__What is being asked__
Quote the data below in full, minus the images.

***** Source data

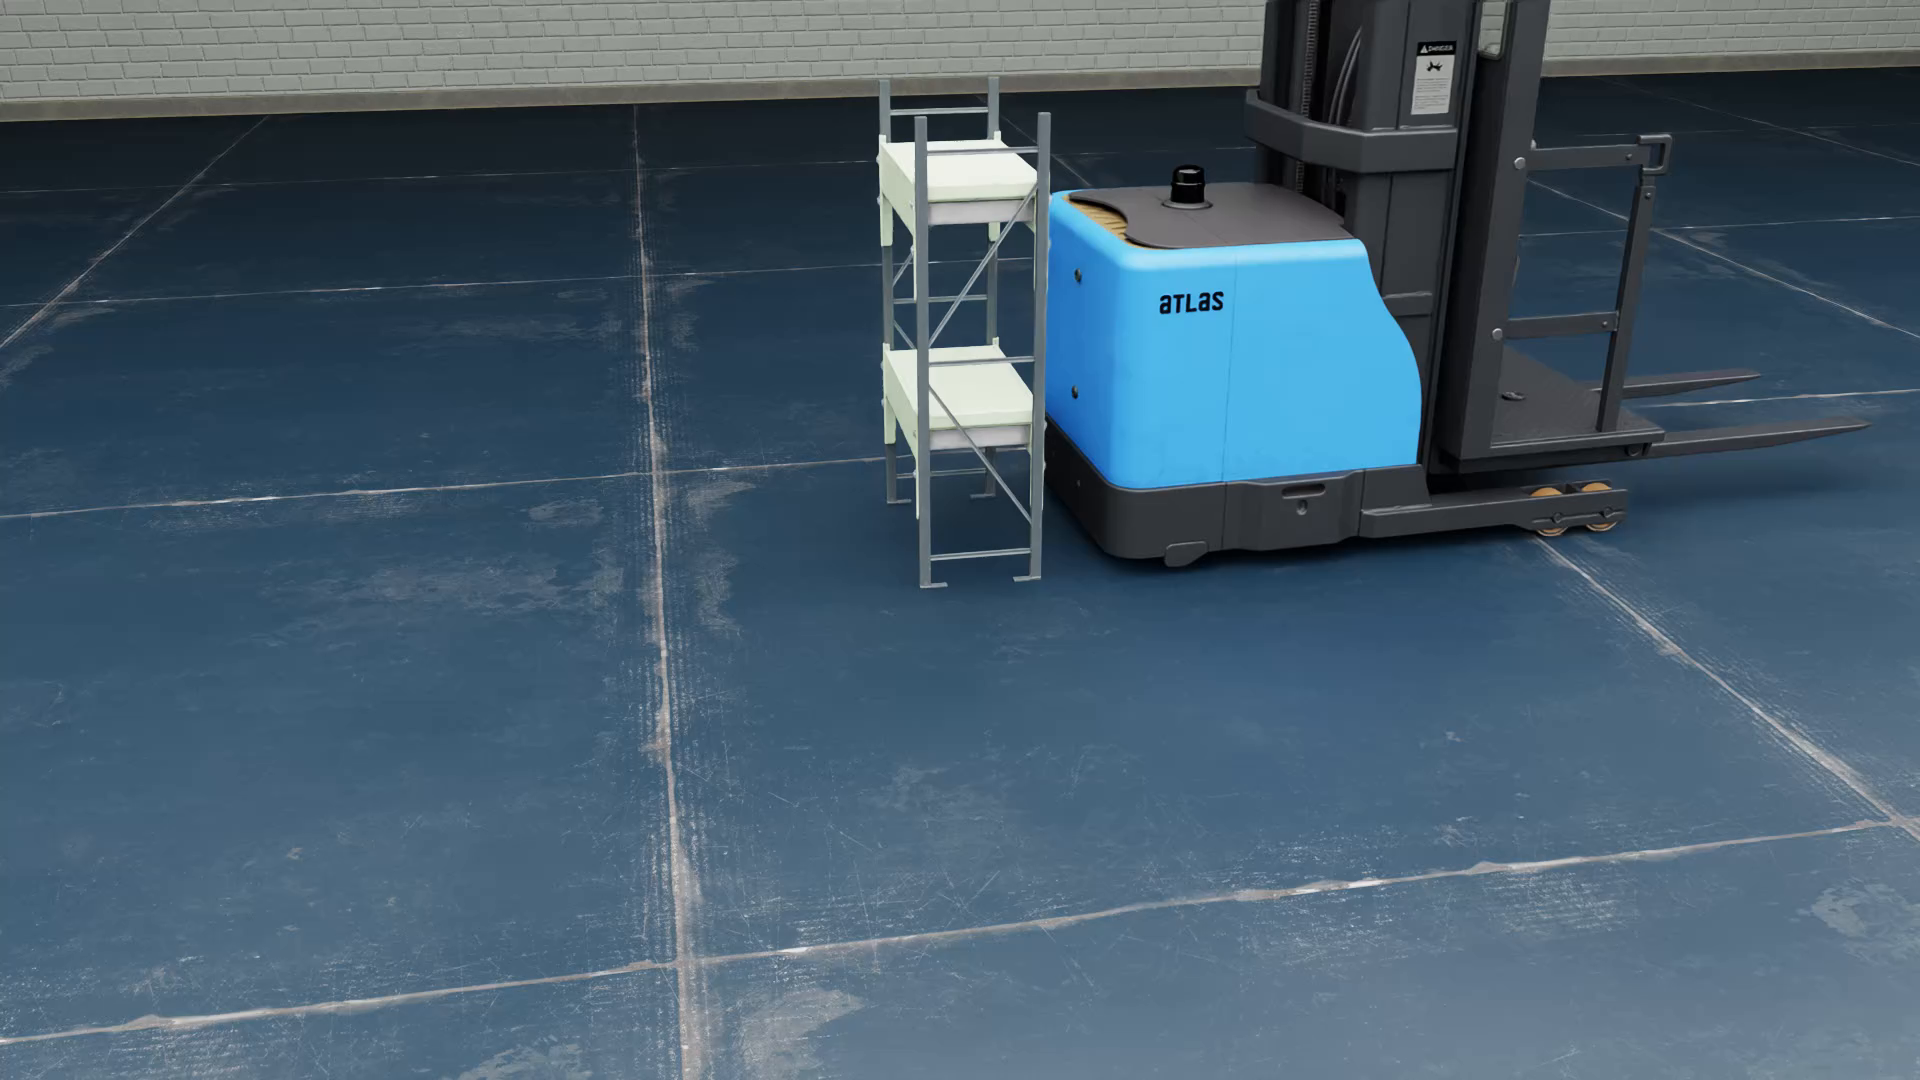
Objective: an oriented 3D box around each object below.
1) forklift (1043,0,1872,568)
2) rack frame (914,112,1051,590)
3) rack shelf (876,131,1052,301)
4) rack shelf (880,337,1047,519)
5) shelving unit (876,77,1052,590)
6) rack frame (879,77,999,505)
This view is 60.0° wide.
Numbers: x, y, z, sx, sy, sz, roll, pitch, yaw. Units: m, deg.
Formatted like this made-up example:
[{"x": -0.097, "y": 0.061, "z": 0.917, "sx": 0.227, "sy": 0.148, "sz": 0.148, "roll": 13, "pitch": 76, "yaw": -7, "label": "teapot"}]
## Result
[{"x": 1.841, "y": -1.554, "z": 5.646, "sx": 3.031, "sy": 2.935, "sz": 1.130, "roll": -6, "pitch": 24, "yaw": -13, "label": "forklift"}, {"x": 0.066, "y": -0.546, "z": 5.126, "sx": 0.400, "sy": 1.500, "sz": 0.023, "roll": -4, "pitch": 24, "yaw": -10, "label": "rack frame"}, {"x": -0.001, "y": -1.048, "z": 5.300, "sx": 0.431, "sy": 0.370, "sz": 0.720, "roll": -4, "pitch": 24, "yaw": -10, "label": "rack shelf"}, {"x": -0.001, "y": -0.391, "z": 5.586, "sx": 0.431, "sy": 0.370, "sz": 0.720, "roll": -4, "pitch": 24, "yaw": -10, "label": "rack shelf"}, {"x": -0.001, "y": -0.690, "z": 5.456, "sx": 0.431, "sy": 1.500, "sz": 0.755, "roll": -4, "pitch": 24, "yaw": -10, "label": "shelving unit"}, {"x": -0.069, "y": -0.834, "z": 5.785, "sx": 0.400, "sy": 1.500, "sz": 0.023, "roll": -4, "pitch": 24, "yaw": -10, "label": "rack frame"}]

**********

__Output for this task__
Objective: an oriented 3D box around each object below.
1) forklift (1043,0,1872,568)
2) rack frame (914,112,1051,590)
3) rack shelf (876,131,1052,301)
4) rack shelf (880,337,1047,519)
5) shelving unit (876,77,1052,590)
6) rack frame (879,77,999,505)
This view is 60.0° wide.
Numbers: x, y, z, sx, sy, sz, roll, pitch, yaw. Units: m, deg.
Formatted like this made-up example:
[{"x": -0.097, "y": 0.061, "z": 0.917, "sx": 0.227, "sy": 0.148, "sz": 0.148, "roll": 13, "pitch": 76, "yaw": -7, "label": "teapot"}]
## Result
[{"x": 1.841, "y": -1.554, "z": 5.646, "sx": 3.031, "sy": 2.935, "sz": 1.130, "roll": -6, "pitch": 24, "yaw": -13, "label": "forklift"}, {"x": 0.066, "y": -0.546, "z": 5.126, "sx": 0.400, "sy": 1.500, "sz": 0.023, "roll": -4, "pitch": 24, "yaw": -10, "label": "rack frame"}, {"x": -0.001, "y": -1.048, "z": 5.300, "sx": 0.431, "sy": 0.370, "sz": 0.720, "roll": -4, "pitch": 24, "yaw": -10, "label": "rack shelf"}, {"x": -0.001, "y": -0.391, "z": 5.586, "sx": 0.431, "sy": 0.370, "sz": 0.720, "roll": -4, "pitch": 24, "yaw": -10, "label": "rack shelf"}, {"x": -0.001, "y": -0.690, "z": 5.456, "sx": 0.431, "sy": 1.500, "sz": 0.755, "roll": -4, "pitch": 24, "yaw": -10, "label": "shelving unit"}, {"x": -0.069, "y": -0.834, "z": 5.785, "sx": 0.400, "sy": 1.500, "sz": 0.023, "roll": -4, "pitch": 24, "yaw": -10, "label": "rack frame"}]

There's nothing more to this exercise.